┌──
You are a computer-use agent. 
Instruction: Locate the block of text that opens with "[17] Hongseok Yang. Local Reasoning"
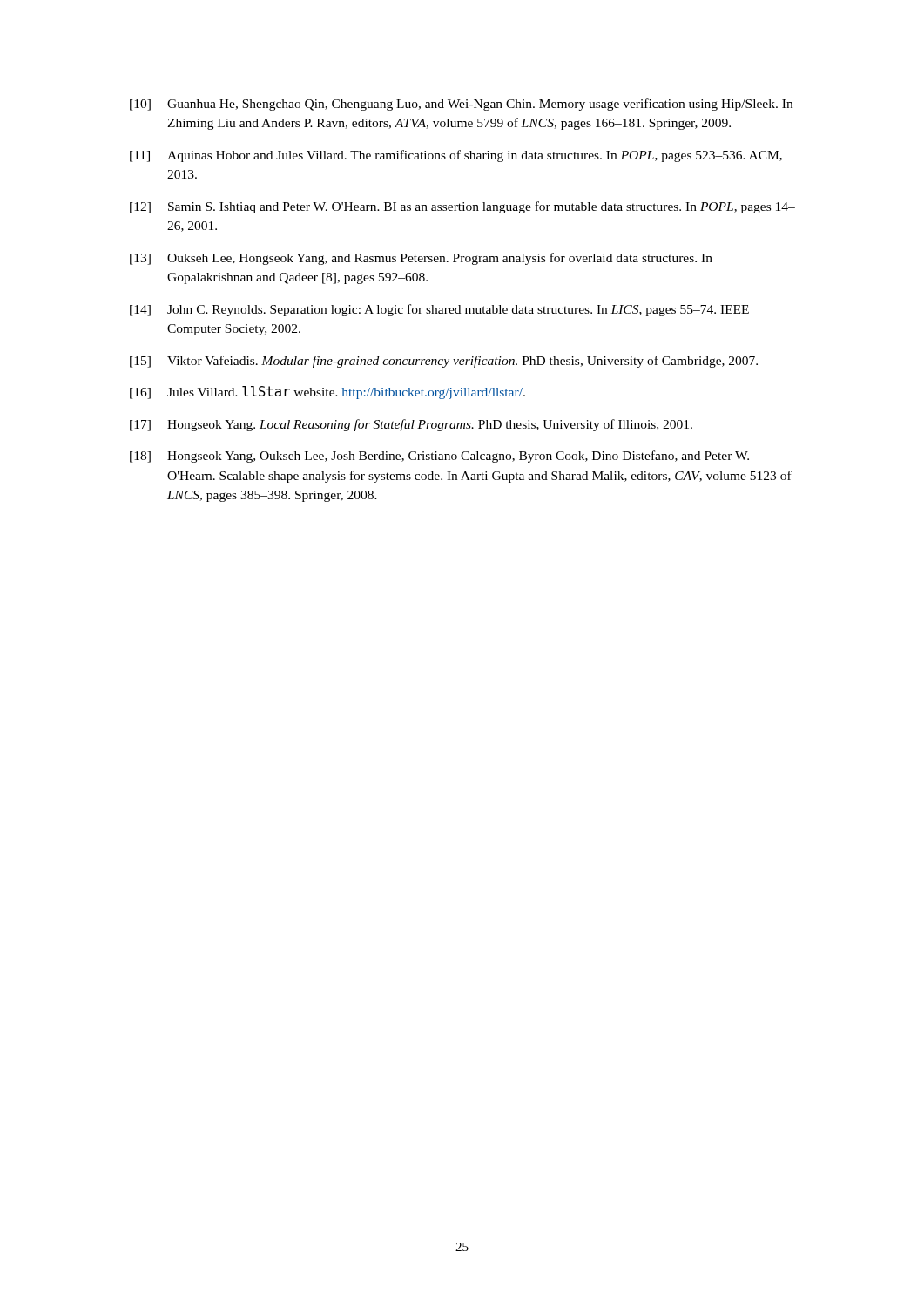pyautogui.click(x=411, y=424)
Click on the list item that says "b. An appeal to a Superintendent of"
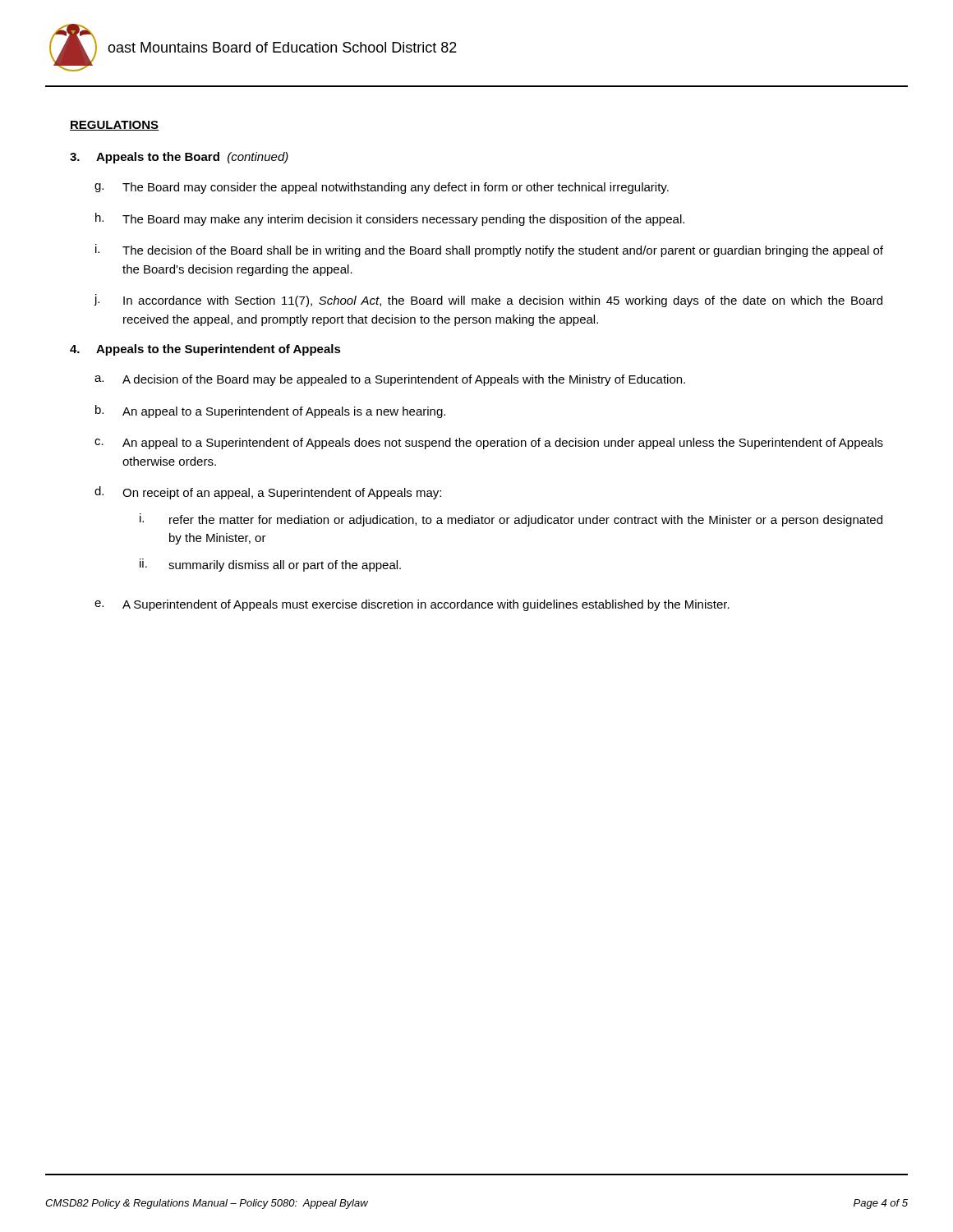 [270, 411]
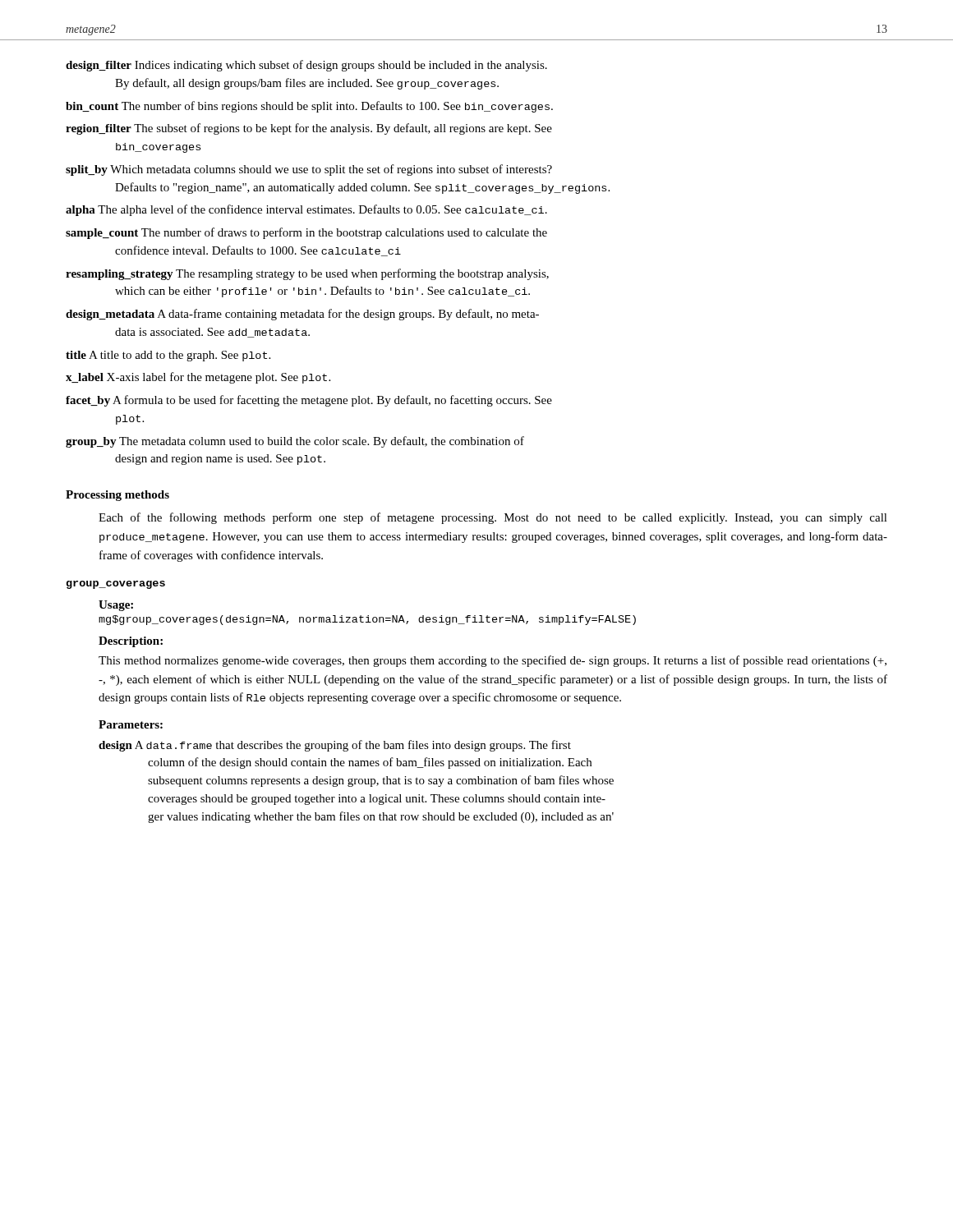Select the list item with the text "region_filter The subset of regions to be kept"
This screenshot has height=1232, width=953.
coord(476,139)
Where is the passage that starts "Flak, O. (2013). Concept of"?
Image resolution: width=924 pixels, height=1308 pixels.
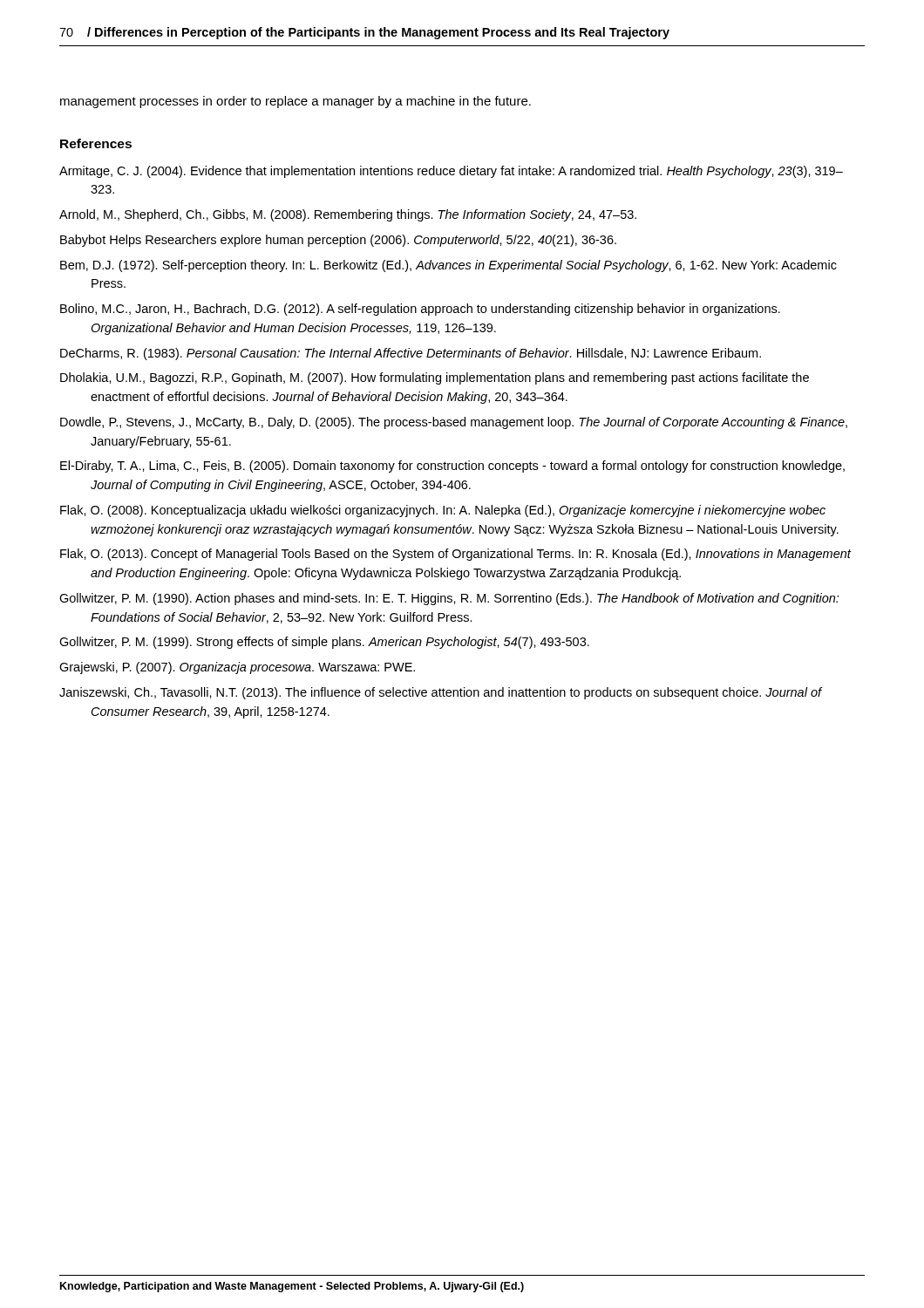click(x=455, y=563)
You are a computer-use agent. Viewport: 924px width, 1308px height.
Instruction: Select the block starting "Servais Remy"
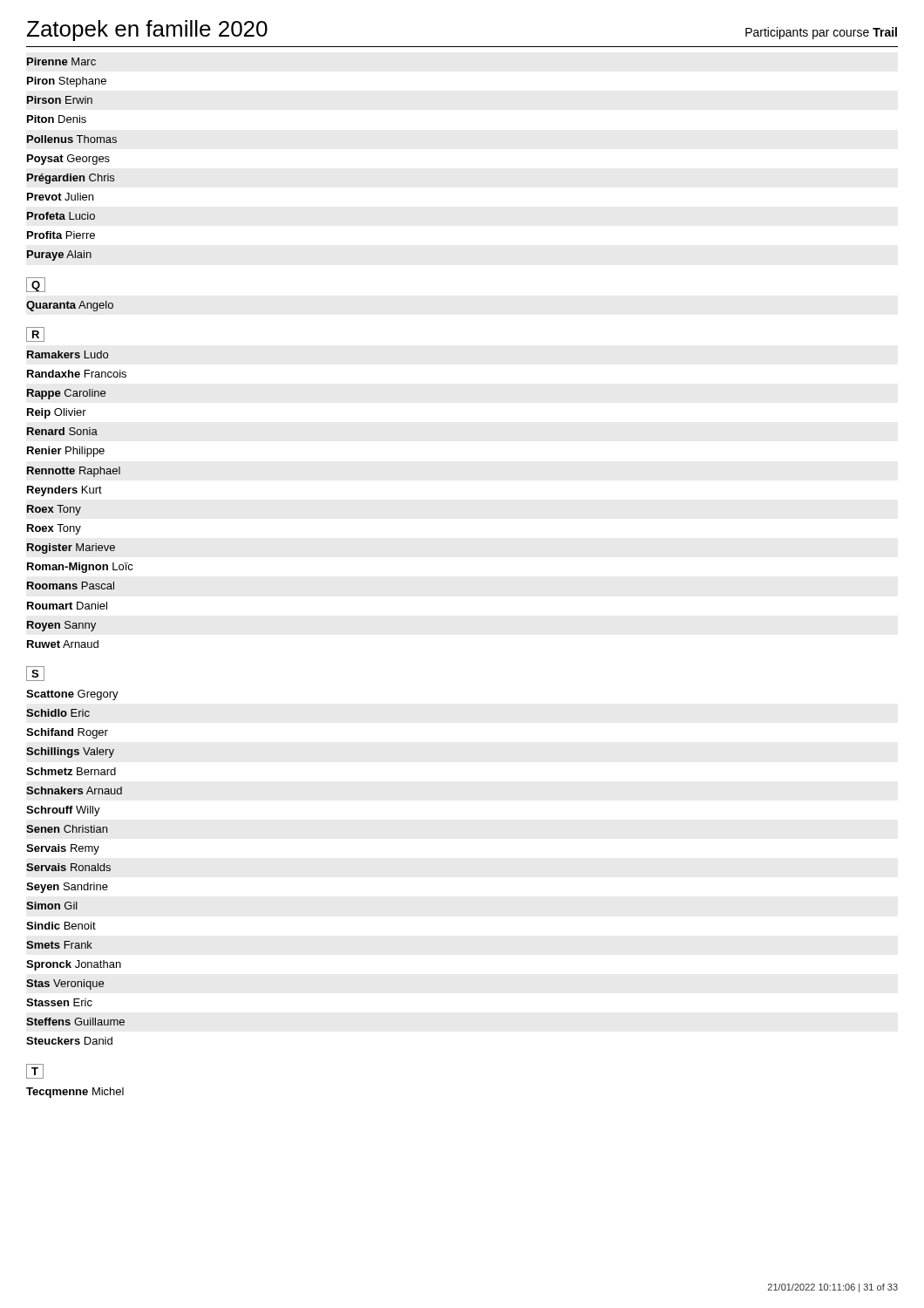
└──
▶ _DIRECTIONS_: Using the entries above, reproduce word for word only the lines from the one that contains "Click on the" to the one that contains "Where is the", both ends included, and drop every picture.

▶ _SOLUTION TO THE EXERCISE_:
Click on the list item that says "b. An appeal to a Superintendent of"
 [270, 411]
Select the list item with the text "region_filter The subset of regions to be kept"
This screenshot has height=1232, width=953.
coord(476,139)
Where is the passage that starts "Flak, O. (2013). Concept of"?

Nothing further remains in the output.